▸ **About this task**:
For this exercise, restate every line below word for word and drop the images.

Stored items from a collection
════════════════════
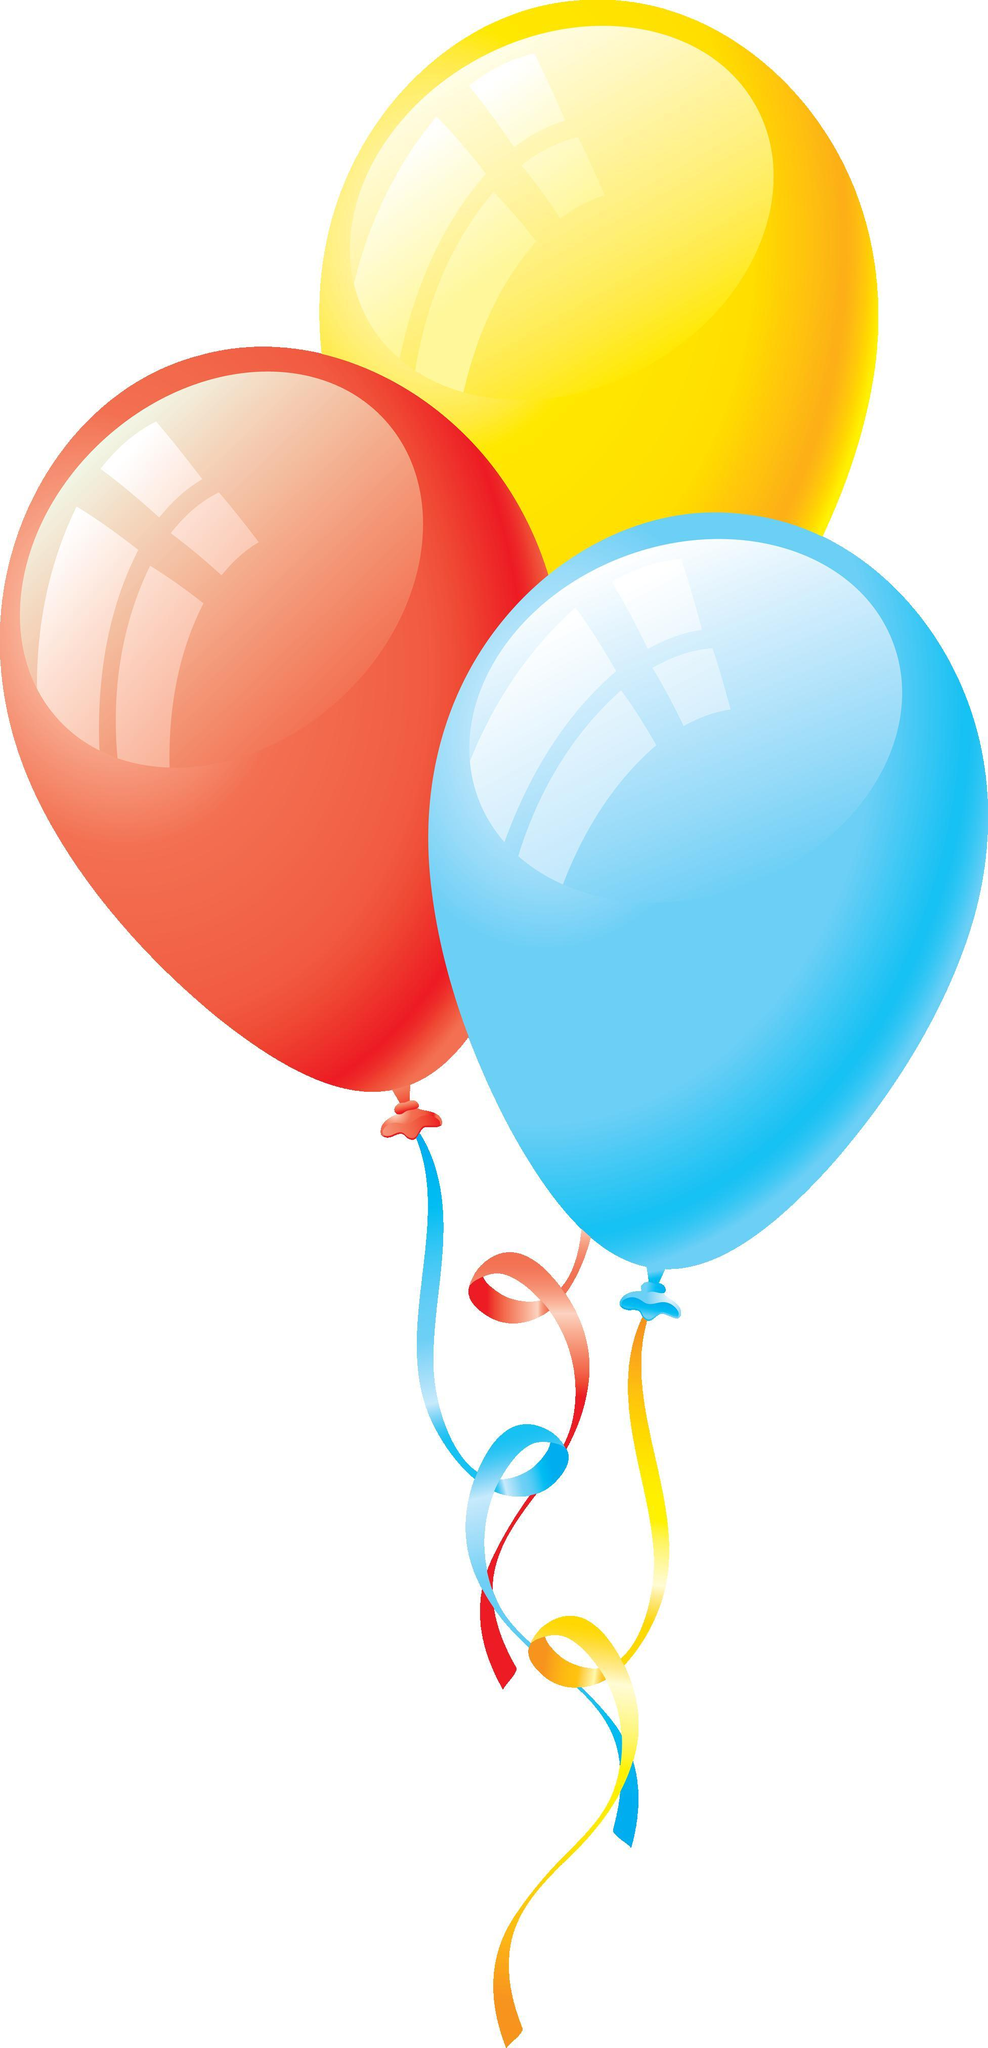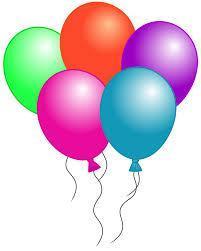The first image is the image on the left, the second image is the image on the right. For the images displayed, is the sentence "An image shows exactly three overlapping balloons, and one of the balloons is yellow." factually correct? Answer yes or no. Yes. The first image is the image on the left, the second image is the image on the right. Examine the images to the left and right. Is the description "In one image, there is one blue balloon, one yellow balloon, and one purple balloon side by side" accurate? Answer yes or no. No. 
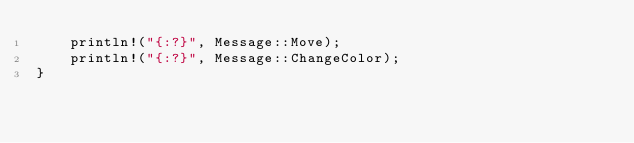<code> <loc_0><loc_0><loc_500><loc_500><_Rust_>    println!("{:?}", Message::Move);
    println!("{:?}", Message::ChangeColor);
}

</code> 
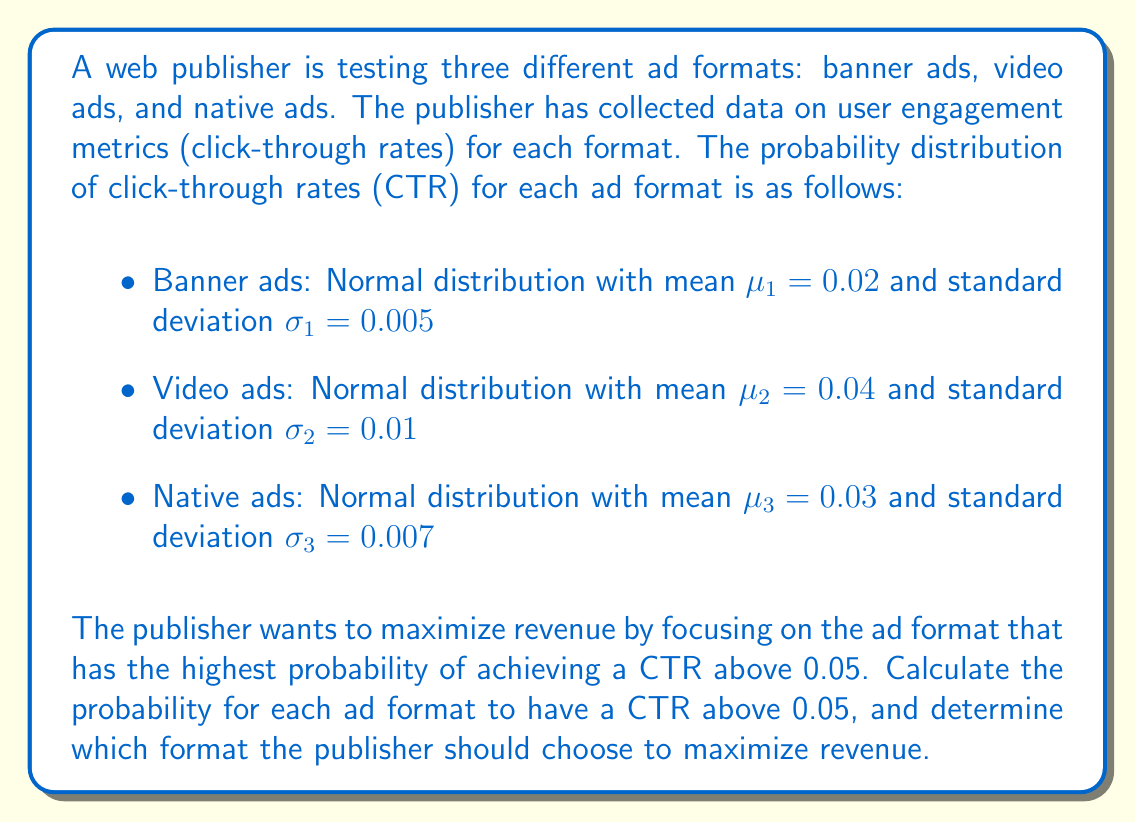Help me with this question. To solve this problem, we need to calculate the probability that the CTR for each ad format exceeds 0.05. We can use the standard normal distribution (z-score) to calculate these probabilities.

For each ad format, we'll follow these steps:
1. Calculate the z-score for CTR = 0.05
2. Use the z-score to find the probability of exceeding 0.05

Step 1: Calculate z-scores

The formula for z-score is: $$z = \frac{x - \mu}{\sigma}$$

Where $x$ is the value we're interested in (0.05), $\mu$ is the mean, and $\sigma$ is the standard deviation.

Banner ads:
$$z_1 = \frac{0.05 - 0.02}{0.005} = 6$$

Video ads:
$$z_2 = \frac{0.05 - 0.04}{0.01} = 1$$

Native ads:
$$z_3 = \frac{0.05 - 0.03}{0.007} \approx 2.857$$

Step 2: Calculate probabilities

We need to find $P(X > 0.05)$ for each ad format, which is equivalent to $P(Z > z)$ where $Z$ is the standard normal variable.

Using a standard normal distribution table or calculator:

Banner ads: $P(Z > 6) \approx 0.0000001$ (essentially zero)
Video ads: $P(Z > 1) \approx 0.1587$
Native ads: $P(Z > 2.857) \approx 0.0021$

Therefore, the probabilities of each ad format having a CTR above 0.05 are:

Banner ads: $\approx 0\%$
Video ads: $\approx 15.87\%$
Native ads: $\approx 0.21\%$
Answer: The video ad format has the highest probability (15.87%) of achieving a CTR above 0.05. Therefore, the publisher should choose video ads to maximize revenue.
════════════════════
▸ **Worked solution**:
The first image is the image on the left, the second image is the image on the right. For the images displayed, is the sentence "An image shows exactly three overlapping balloons, and one of the balloons is yellow." factually correct? Answer yes or no. Yes. The first image is the image on the left, the second image is the image on the right. Examine the images to the left and right. Is the description "In one image, there is one blue balloon, one yellow balloon, and one purple balloon side by side" accurate? Answer yes or no. No. 
<code> <loc_0><loc_0><loc_500><loc_500><_Rust_>    println!("{:?}", Message::Move);
    println!("{:?}", Message::ChangeColor);
}

</code> 
Help me with this question. To solve this problem, we need to calculate the probability that the CTR for each ad format exceeds 0.05. We can use the standard normal distribution (z-score) to calculate these probabilities.

For each ad format, we'll follow these steps:
1. Calculate the z-score for CTR = 0.05
2. Use the z-score to find the probability of exceeding 0.05

Step 1: Calculate z-scores

The formula for z-score is: $$z = \frac{x - \mu}{\sigma}$$

Where $x$ is the value we're interested in (0.05), $\mu$ is the mean, and $\sigma$ is the standard deviation.

Banner ads:
$$z_1 = \frac{0.05 - 0.02}{0.005} = 6$$

Video ads:
$$z_2 = \frac{0.05 - 0.04}{0.01} = 1$$

Native ads:
$$z_3 = \frac{0.05 - 0.03}{0.007} \approx 2.857$$

Step 2: Calculate probabilities

We need to find $P(X > 0.05)$ for each ad format, which is equivalent to $P(Z > z)$ where $Z$ is the standard normal variable.

Using a standard normal distribution table or calculator:

Banner ads: $P(Z > 6) \approx 0.0000001$ (essentially zero)
Video ads: $P(Z > 1) \approx 0.1587$
Native ads: $P(Z > 2.857) \approx 0.0021$

Therefore, the probabilities of each ad format having a CTR above 0.05 are:

Banner ads: $\approx 0\%$
Video ads: $\approx 15.87\%$
Native ads: $\approx 0.21\%$
Answer: The video ad format has the highest probability (15.87%) of achieving a CTR above 0.05. Therefore, the publisher should choose video ads to maximize revenue.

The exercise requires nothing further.